Da Mani Tese e Banca Etica ai banchi della Camera, dall’impegno civile all’impegno politico diretto: le motivazioni, i rischi e le speranze. Intervista a Sabina Siniscalchi Otto minuti, la prima volta in aula, ed è “come per gli esami all’università:…

Tratto da Altreconomia 74 — Luglio/Agosto 2006

Da Mani Tese e Banca Etica ai banchi della Camera, dall’impegno civile all’impegno politico diretto: le motivazioni, i rischi e le speranze. Intervista a Sabina Siniscalchi


Otto minuti, la prima volta in aula, ed è “come per gli esami all’università: quando sei lì ti ricordi tutto e hai la lucidità necessaria”.

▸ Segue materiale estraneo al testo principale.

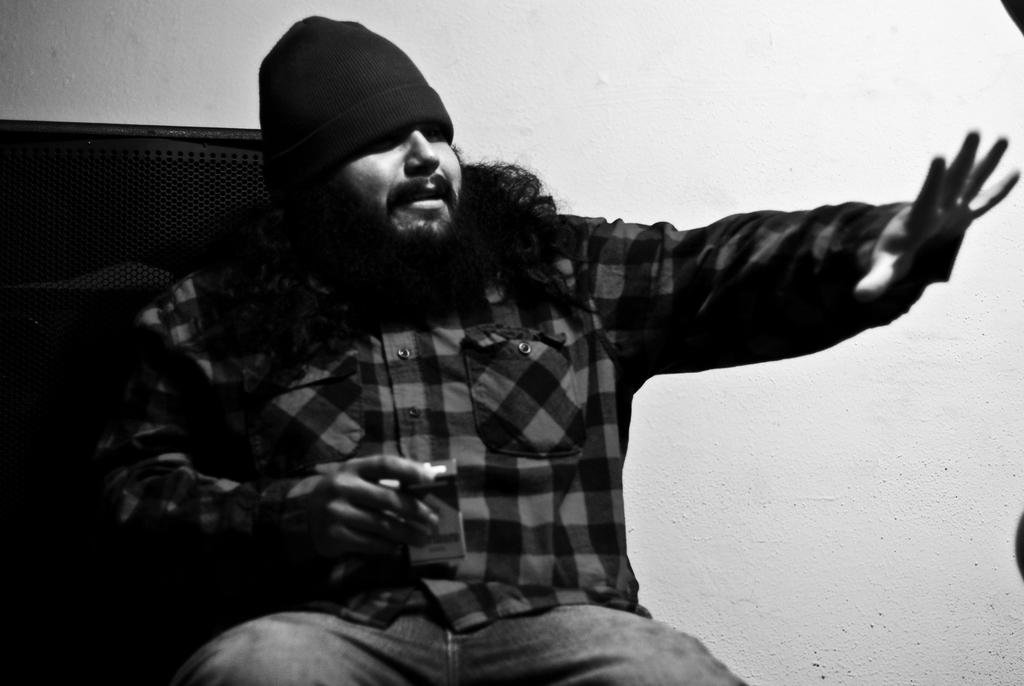Who is present in the image? There is a man in the image. What is the man doing in the image? The man is sitting on a couch. What object is the man holding in the image? The man is holding a cigarette packet. What can be seen behind the man in the image? There is a wall behind the man. Can you see any goldfish swimming in the image? There are no goldfish present in the image. Is the man in the image preparing for a trip? The image does not provide any information about the man's plans for a trip. 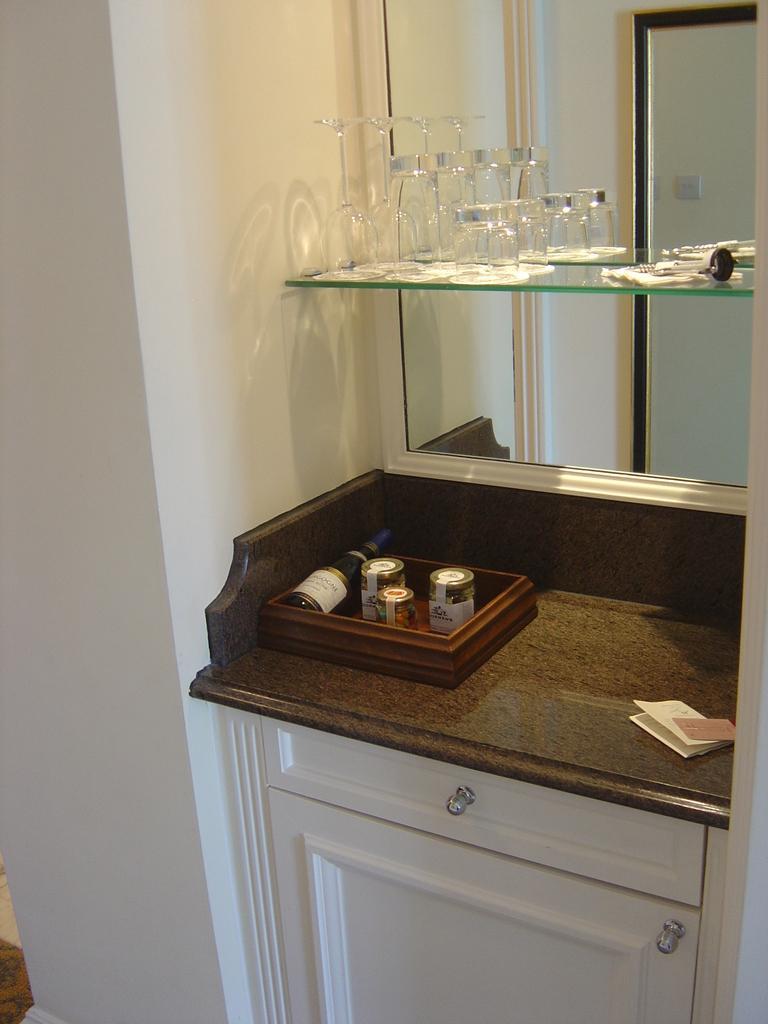How would you summarize this image in a sentence or two? In the image we can see a wall, on the wall we can see a table. On the table we can see some papers, bottles and we can see a mirror, on the mirror we can see some glasses.

Sabina Siniscalchi, neoletta per Rifondazione comunista, non ha dovuto aspettare neanche un giorno per l’esordio alla Camera.

A lei è toccato, al momento del voto di fiducia, l’intervento in aula a nome del suo gruppo parlamentare sulla politica estera del governo.

Sabina è stata per 13 anni, fino al 2003, segretario nazionale di Mani Tese e in questa veste ha collaborato con alcune delle campagne civili più significative di questi anni: la mobilitazione per la messa al bando delle mine antiuomo (che nel 1997 ha vinto il premio Nobel per la pace), quella per la cancellazione del debito estero dei Paesi poveri, la campagna “Acquisti trasparenti” per la responsabilità delle imprese, quella contro il lavoro minorile. Ma, soprattutto, con Mani Tese si è fatta le ossa nei progetti di cooperazione Nord/Sud e nell’abitudine a pensare i temi della giustizia e della solidarietà internazionale in termini “politici”: il ruolo delle grandi istituzioni internazionali, dall’Onu alla Banca mondiale, il peso delle organizzazioni non governative, le scelte di politica economica. Sì, bisogna riconoscerlo: non è strano che, come dice lei, “alla sua età (54 anni), con la sua esperienza”, ora sieda in Parlamento e abbia scelto la Commissione Esteri della Camera per il lavoro più “quotidiano”. Ma per il mondo nel quale per tanti anni si è spesa -la cooperazione internazionale, la Rete Lilliput, l’associazionismo, insomma quella che chiamiamo “società civile” (fino alle elezioni è stata direttore della Fondazione Banca Etica, ora è in aspettativa)- questo passaggio non è indolore, qualche volta addirittura viene guardato come un tradimento.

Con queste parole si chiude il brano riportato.